Thanks Lols - I get the ladder thing but think it’s a fob off tactic. If the cancer cells went sequntially through the nodes only people with all nodes affected would see any spread and we know that is not the case! Nice to hear from a professional on the matter
Going out for lunch today with hubby - Indian tapas - yum!! (sqeezing one in before the taste buds go next week!)
Takle care Angels, Pauline xx
Angie / Judy - I was writing my last post when you were ‘talking’ - hope I dont sound negative, i’m absolutely not and clearly judy, chemo is doing a great job on your tumour as I’m sure it is with all of us. Unfortunately the reality is that this horrid cancer does spread albeit in the minority of cases xx
Pauline
my thoughts exactly, yes it is a wee bit negative if you’ve got a lot of dodgy nodes but unfortunately its true.

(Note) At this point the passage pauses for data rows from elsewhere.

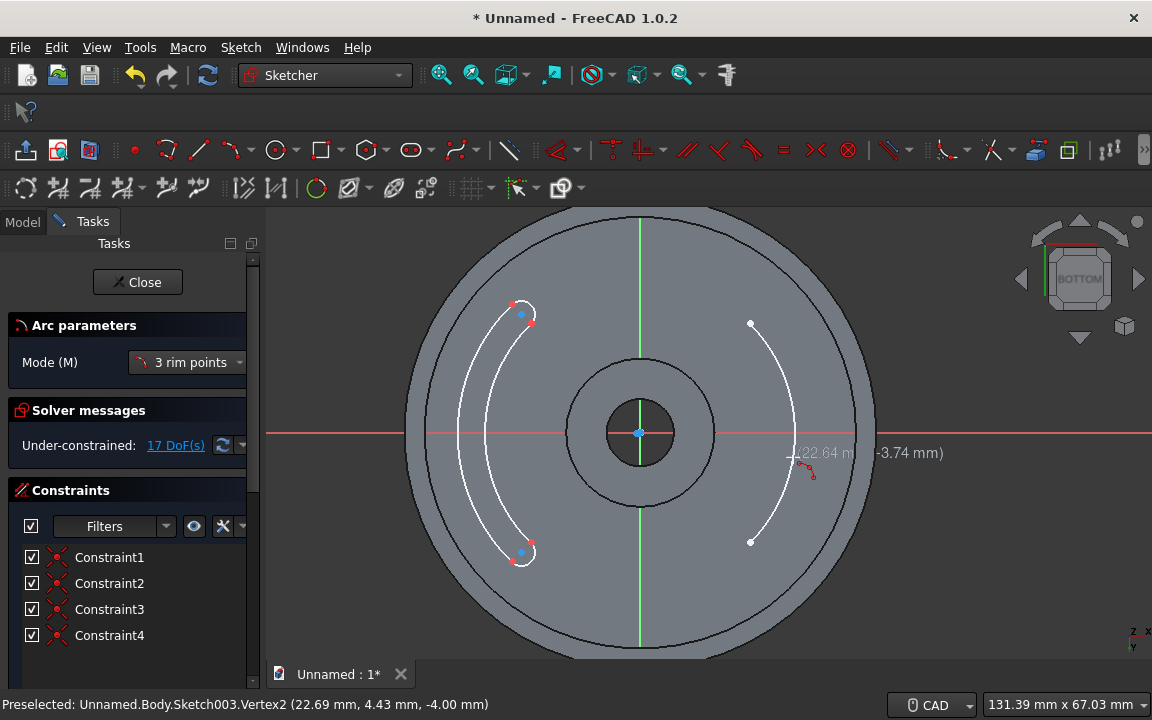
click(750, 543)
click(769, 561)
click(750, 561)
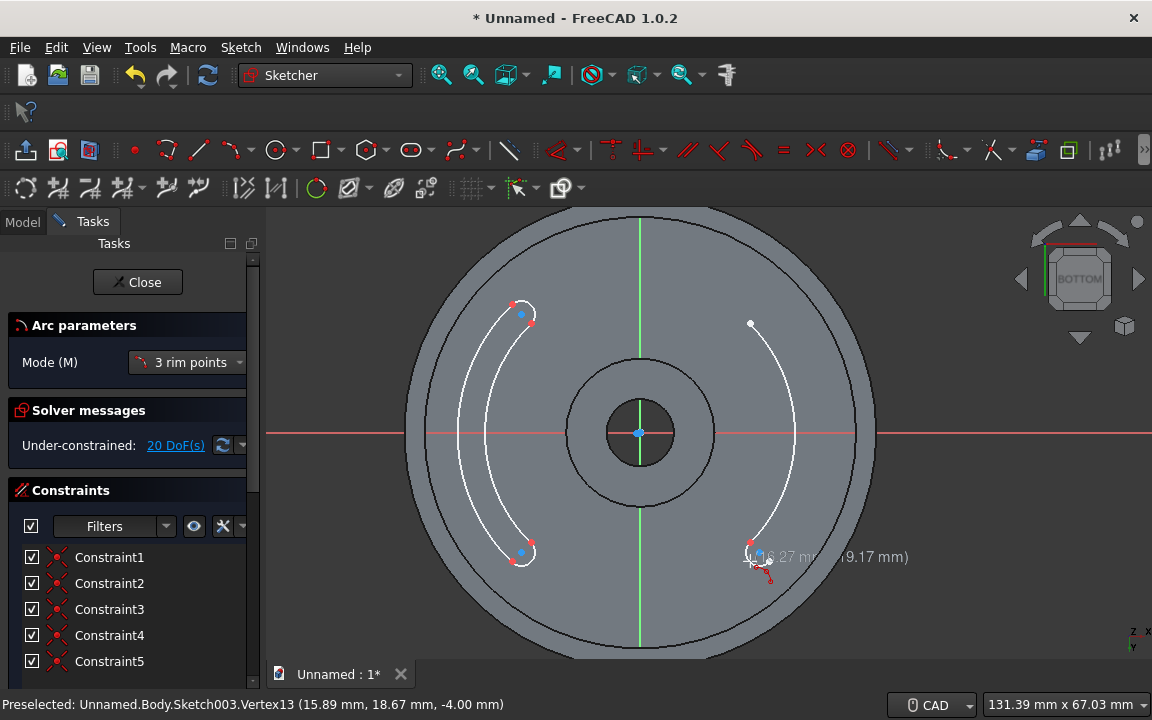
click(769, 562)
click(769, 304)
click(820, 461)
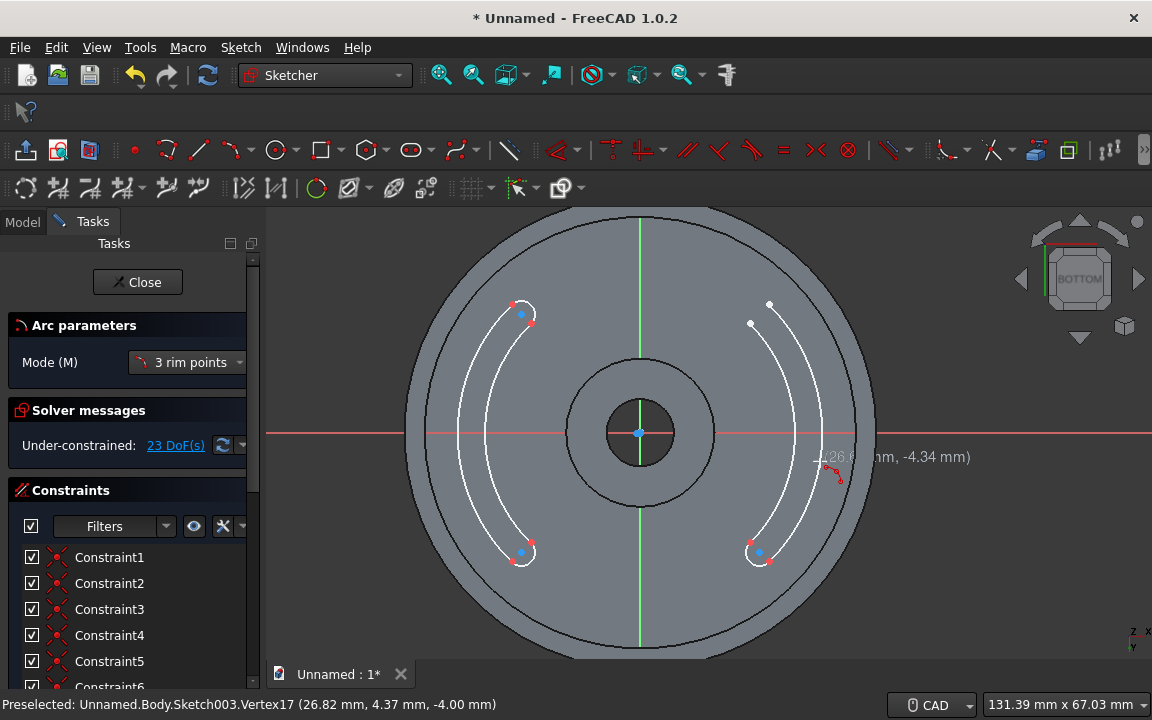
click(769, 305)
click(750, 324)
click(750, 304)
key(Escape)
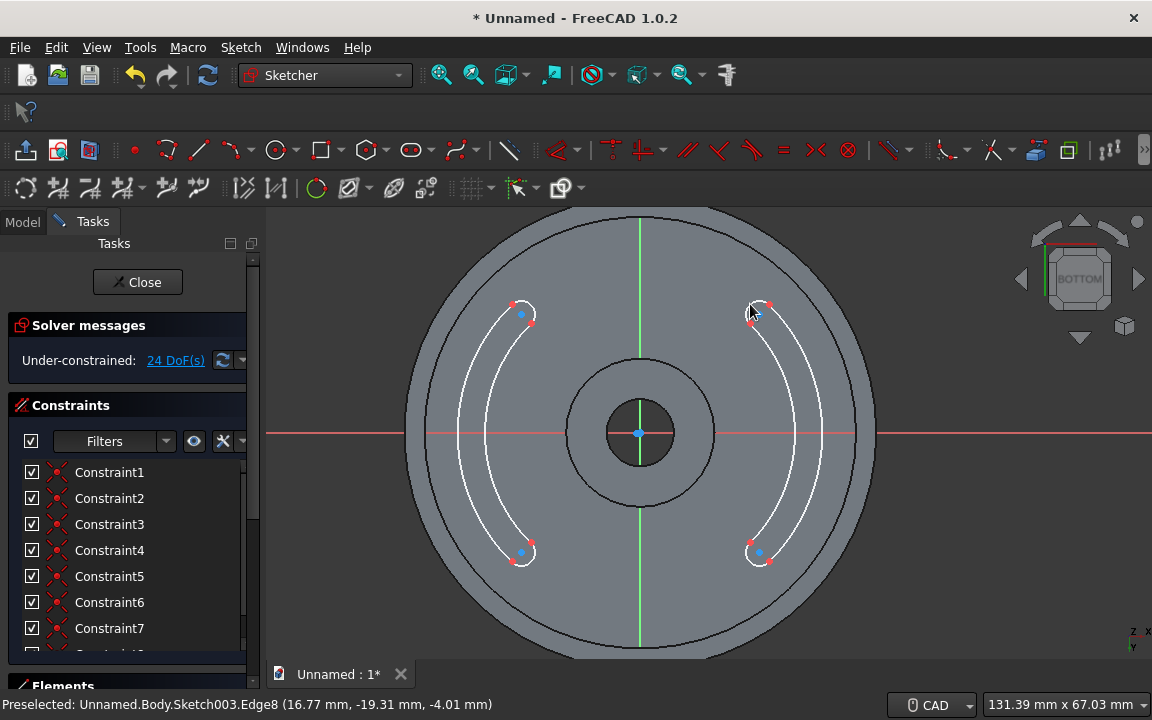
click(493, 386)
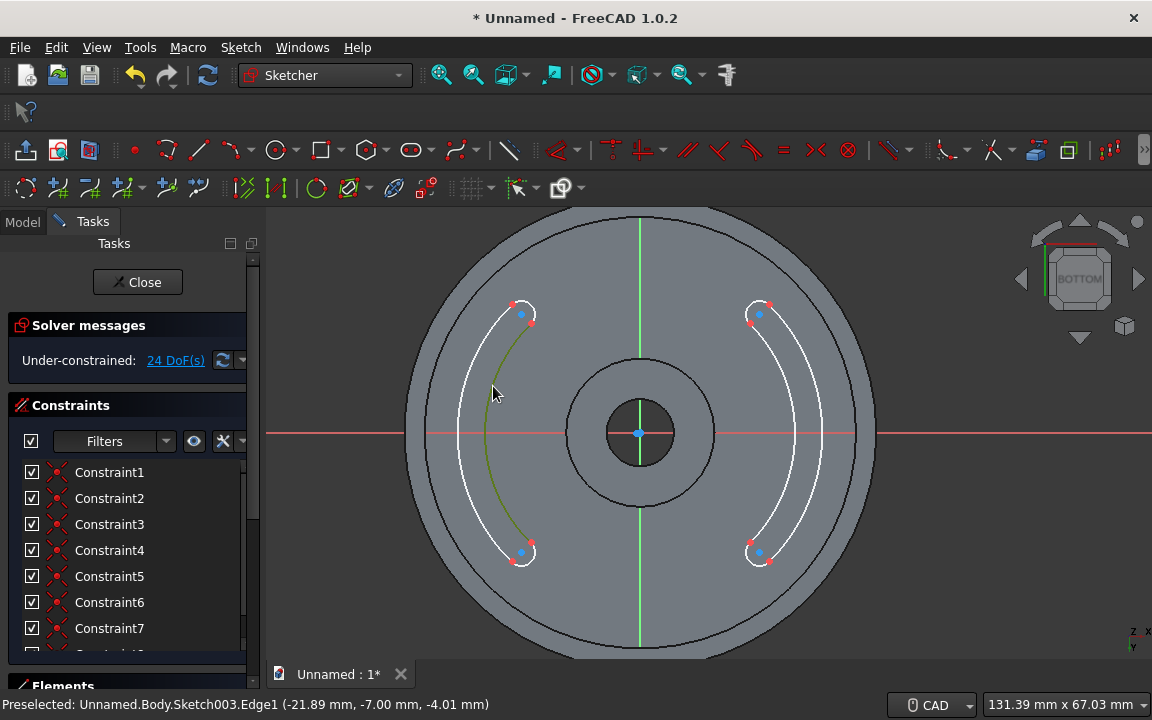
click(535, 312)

For me, especially with the lymph node involvement, well it just freaks me out if i think too much about it, which is why i think they should have a good look round after the treatment has done, to check if its worked, instead of allowing it to start up again to a detectable size.
quite right too, when my surgeon said that it ‘was gone’ i thought it was a little bit optimistic, because if it were gone, why all the other treatments. i think sometimes its just a bit of a morale boosting conversation, which i never believed anyway, and should they even be allowed to say that to people.
i think once you enter the world of this disease, you dont leave, its with you all the time, always watching and waiting. my aunt had all this, lymph nodes under arm, then later in her neck and a bit more over 20 years ago, she could be one of us no problem, its still so fresh and a part of her life. she’s fine by the way, keeps ringing me with advice.
i hope that doesnt sound too negative either, but it is a reality we’re coming up to now as we get to the last doses, what next? years of watching out for bits to show up me thinks.
angie xx
Hi all
just been reading your conversation so thought I’d add in. I see onc every cycle. I didn’t have any nodes affected, which was great until they told me there was vascular invasion. It doesn’t have to spread through the lymph nodes, it can spread through your vascular (blood) system- hence chemo for me. I wasn’t initially offered any scans. The chemo is adjuvant therapy for me- this means it is aimed at mopping up any possible cells- but this is purely to increase my statistical chance of it not coming back. So Angie what I would ask onc, and have, is for him/her to go through the computer programme they use to decide your individual prognosis- that is, to be blunt, your chance of survival. It’s a %- so without chemo my chance of still being here in 10 years was 70%, and with chemo my chance is 82%. There’s no way of knowing if I’m going to be in the lucky 82% or the unlucky 18%- even if you have all the scans and they’re all clear, they still can’t tell you. I suppose that’s the next thing for research- being able to identify the people it comes back for.
Hope that didn’t sound too depressing? For me , I like to know these things!
In the end I had a bone scan, because my hip was aching, and I told onc I was worrying about it. I thought I’d have to fight for it, but he just sent me straight away and getting clear results was a boost, but I don’t think they’re always conclusive- which is why they don’t always help.
I’ve got a friend who has lived with breast cancer for years and she said the best thing to do was try to get on a trial or research project because then you get scanned /monitored all the time!
Mel xx
so i have to be careful what i’m doing or i look like a 2year old with the snots!
the light at the end of my very long tunnel.